# Will Yang style Tai Chi interfere with my Wing Chun?



## Wingsingh (Jun 29, 2013)

Hi, I just wanted to know if tai chi and Wing Chun are compatible? I haven't started tai chi yet, and I don't know much about it, but I'm willing to give it a go if it doesn't affect my Wing Chun.

The Tai Chi is for 'martial use first' according to the teacher. I was going to ask him if they're compatible but then I thought he's bound to say they are, so I thought I'd research it myself first. Thanks for your comments in advance.


----------



## oaktree (Jun 29, 2013)

I see some similarities with sticky hands and tuishou. 
 Will each creep into the other maybe maybe not.


----------



## yak sao (Jun 29, 2013)

I shared a school with a tai chi teacher for a while several years ago. One night he dropped by our class just to say hi and watch for a while.

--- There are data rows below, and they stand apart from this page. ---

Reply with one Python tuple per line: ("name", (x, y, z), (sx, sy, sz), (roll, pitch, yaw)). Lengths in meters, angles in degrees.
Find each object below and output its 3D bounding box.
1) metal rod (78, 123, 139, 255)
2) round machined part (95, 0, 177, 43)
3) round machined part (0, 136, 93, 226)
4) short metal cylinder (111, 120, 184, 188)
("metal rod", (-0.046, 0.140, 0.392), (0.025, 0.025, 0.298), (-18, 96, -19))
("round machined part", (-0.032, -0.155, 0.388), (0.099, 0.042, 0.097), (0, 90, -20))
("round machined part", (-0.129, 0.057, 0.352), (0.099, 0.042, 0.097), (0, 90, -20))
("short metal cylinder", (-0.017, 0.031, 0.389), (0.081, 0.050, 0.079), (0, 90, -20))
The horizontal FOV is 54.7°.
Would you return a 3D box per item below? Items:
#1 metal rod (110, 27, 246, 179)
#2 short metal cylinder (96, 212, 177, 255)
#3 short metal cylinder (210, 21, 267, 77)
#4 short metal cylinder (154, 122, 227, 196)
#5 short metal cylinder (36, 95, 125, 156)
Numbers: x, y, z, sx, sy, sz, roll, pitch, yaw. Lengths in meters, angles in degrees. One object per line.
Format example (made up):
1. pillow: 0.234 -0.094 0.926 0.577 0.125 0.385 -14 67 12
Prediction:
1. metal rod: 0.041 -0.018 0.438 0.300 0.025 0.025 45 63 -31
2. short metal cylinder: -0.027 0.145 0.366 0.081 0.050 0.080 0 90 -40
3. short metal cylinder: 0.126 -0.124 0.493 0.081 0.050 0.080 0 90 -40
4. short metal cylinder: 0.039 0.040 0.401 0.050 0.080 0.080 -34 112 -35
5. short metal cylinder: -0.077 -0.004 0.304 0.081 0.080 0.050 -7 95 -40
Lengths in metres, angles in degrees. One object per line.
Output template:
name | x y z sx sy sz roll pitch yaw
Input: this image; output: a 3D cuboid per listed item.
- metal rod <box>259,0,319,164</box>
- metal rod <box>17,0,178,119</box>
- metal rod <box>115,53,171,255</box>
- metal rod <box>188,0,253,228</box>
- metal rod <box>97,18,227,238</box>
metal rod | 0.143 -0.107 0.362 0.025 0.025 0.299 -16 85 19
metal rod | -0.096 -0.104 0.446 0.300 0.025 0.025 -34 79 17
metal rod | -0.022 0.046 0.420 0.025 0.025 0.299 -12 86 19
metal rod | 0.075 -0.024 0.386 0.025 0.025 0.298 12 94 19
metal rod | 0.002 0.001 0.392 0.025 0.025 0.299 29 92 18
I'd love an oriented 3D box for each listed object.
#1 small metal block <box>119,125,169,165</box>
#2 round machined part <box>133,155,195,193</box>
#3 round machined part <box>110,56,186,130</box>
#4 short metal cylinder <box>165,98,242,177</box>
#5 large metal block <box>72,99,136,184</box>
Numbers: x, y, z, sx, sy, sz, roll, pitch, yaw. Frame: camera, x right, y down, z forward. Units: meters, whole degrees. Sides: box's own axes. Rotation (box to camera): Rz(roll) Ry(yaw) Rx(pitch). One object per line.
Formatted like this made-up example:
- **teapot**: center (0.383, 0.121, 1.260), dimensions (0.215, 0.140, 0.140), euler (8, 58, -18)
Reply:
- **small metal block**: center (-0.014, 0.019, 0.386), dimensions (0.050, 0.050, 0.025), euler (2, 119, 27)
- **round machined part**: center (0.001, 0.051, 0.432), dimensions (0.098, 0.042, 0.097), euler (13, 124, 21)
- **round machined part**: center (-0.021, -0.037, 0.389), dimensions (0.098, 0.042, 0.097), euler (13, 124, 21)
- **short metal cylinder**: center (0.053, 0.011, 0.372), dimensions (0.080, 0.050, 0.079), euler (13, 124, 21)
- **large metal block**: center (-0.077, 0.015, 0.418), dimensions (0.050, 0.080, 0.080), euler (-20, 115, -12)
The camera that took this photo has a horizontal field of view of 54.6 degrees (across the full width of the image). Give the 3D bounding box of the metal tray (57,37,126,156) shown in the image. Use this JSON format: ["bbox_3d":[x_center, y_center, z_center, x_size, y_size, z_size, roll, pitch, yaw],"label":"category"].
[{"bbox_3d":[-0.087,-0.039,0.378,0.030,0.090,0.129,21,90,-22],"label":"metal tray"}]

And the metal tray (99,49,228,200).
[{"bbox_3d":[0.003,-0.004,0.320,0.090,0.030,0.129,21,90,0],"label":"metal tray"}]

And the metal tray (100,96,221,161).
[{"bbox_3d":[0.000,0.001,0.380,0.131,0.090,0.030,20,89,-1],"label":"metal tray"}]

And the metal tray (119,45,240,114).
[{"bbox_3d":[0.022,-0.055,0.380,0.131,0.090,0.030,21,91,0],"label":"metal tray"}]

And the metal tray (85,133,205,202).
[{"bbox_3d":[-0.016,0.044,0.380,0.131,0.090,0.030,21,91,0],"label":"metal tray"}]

We were doing some sort of drill...a jum sau w/ a pivot vs a stepping punch, I think it was, and I was explaining the concept to the class.  Afterwards he came up to me and told me that I just taught a tai chi class.

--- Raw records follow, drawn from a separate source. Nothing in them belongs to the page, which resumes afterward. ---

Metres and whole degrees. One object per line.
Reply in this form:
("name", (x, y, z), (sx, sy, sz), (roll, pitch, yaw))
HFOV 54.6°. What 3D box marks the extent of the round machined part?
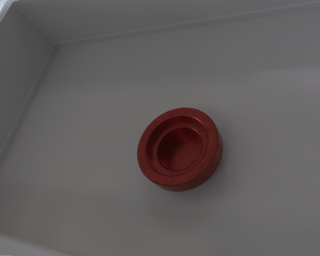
("round machined part", (0.026, 0.028, 0.365), (0.098, 0.042, 0.098), (-13, 56, 21))
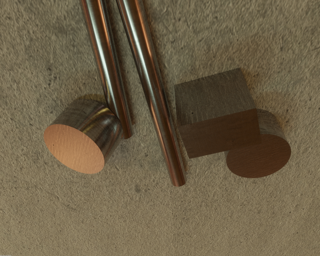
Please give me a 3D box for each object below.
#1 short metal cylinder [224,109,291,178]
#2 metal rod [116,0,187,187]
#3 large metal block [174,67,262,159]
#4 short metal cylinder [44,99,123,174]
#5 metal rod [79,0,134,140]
[{"bbox_3d":[0.124,0.021,0.410,0.081,0.050,0.079,0,130,0],"label":"short metal cylinder"},{"bbox_3d":[-0.003,-0.031,0.380,0.025,0.025,0.299,-10,130,8],"label":"metal rod"},{"bbox_3d":[0.064,-0.018,0.356,0.080,0.080,0.050,-14,129,11],"label":"large metal block"},{"bbox_3d":[-0.093,0.011,0.383,0.080,0.050,0.079,14,134,15],"label":"short metal cylinder"},{"bbox_3d":[-0.063,-0.106,0.316,0.025,0.025,0.298,-5,130,4],"label":"metal rod"}]
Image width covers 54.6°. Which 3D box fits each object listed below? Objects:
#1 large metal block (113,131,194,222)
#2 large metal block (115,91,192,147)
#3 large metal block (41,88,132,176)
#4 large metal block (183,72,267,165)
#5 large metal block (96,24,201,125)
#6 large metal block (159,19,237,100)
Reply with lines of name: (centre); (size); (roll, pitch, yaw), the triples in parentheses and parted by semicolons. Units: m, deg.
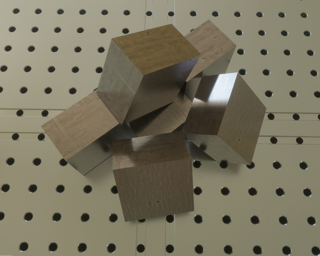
large metal block: (-0.007, 0.055, 0.355); (0.080, 0.080, 0.050); (-8, 34, -3)
large metal block: (-0.008, -0.019, 0.407); (0.080, 0.050, 0.080); (-37, 74, -13)
large metal block: (-0.083, 0.007, 0.378); (0.080, 0.080, 0.050); (-36, 74, -12)
large metal block: (0.081, -0.010, 0.379); (0.050, 0.080, 0.080); (2, 63, 45)
large metal block: (-0.014, -0.058, 0.337); (0.081, 0.080, 0.050); (-27, 70, -36)
large metal block: (0.046, -0.082, 0.413); (0.080, 0.080, 0.050); (-37, 75, -13)

Plus, my sifu also teaches tai chi (yang style). He has taught us the long form and a bit of push hands. It will definitely enhance your WC.


----------



## arnisador (Jun 29, 2013)

This is a pretty good match--I'd think you'd be OK. Sticky vs. push hands is the only similar area and really they aren't all that similar.


----------



## SuitableScroll (Jun 29, 2013)

I take both and I'd say you won't have a problem with Tai Chi 'affecting' your Wing Chun at all.


----------



## Xue Sheng (Jun 29, 2013)

More likely your Wing Chun will effect your taiji since that is what you did first


----------



## bogdan.sifu (Jul 2, 2013)

There are Sifus who train both Wing Chun and Tai Chi. I know of Wan Kam Leung who trains Tai Chi and Wing Chun and is very effective with both.


----------



## Erick (Jul 3, 2013)

I have been training Wing Chun, Hung Gar, and Taichi together. Wing Chun and Hung Gar are trained in class in the same days and I learn Taichi from a different instructor on a different day. As far as fighting goes, I can't say that any thing that I've learned has effected me in a bad way. I don't think you will have a problem. In Wing Chun you learn to be relaxed right? Well same as in Yang style Tai Chi. But since I started Tai Chi, it reinforced the relaxation and when fighting it translated very well. But this is just from my experience, everyone is different. Hope this helps =).


----------



## StormShadow (Jul 10, 2013)

tai chi, besides many other things strengthen your tendons which should increase your punching power.


----------



## Domino (Jul 22, 2013)

The thing is.... it will become whatever you make it, make it your own.
No good, leave it..... see something good, keep with it.


----------



## wingerjim (Jul 23, 2013)

I am just now learning Tai Chi along with my Wing Chun, which I have studied exclusively for just over two years. My teacher teached those two arts plus Bagua. According to him, they all can enhance each other for a variety of reasons but the best reason is that Tai Chi can take WCs focused energy and increase it when both arts are learned properly. WC is a very compact art form where TC takes internal energy outward, thus not very compact. TC also improved balance and coordination in ways that WC does not address as easily, not that WC is uncoordinated and unbalance, just that TC can improve those attributes. I still plan to focus 90% + of my time to WC and only learn TC 24-form for the next year or longer before adding more TC to my study.


----------



## blindsage (Jul 23, 2013)

I've done some WC and good deal of Yang Taiji and I think there are some important connections between the two that can enhance each one.


----------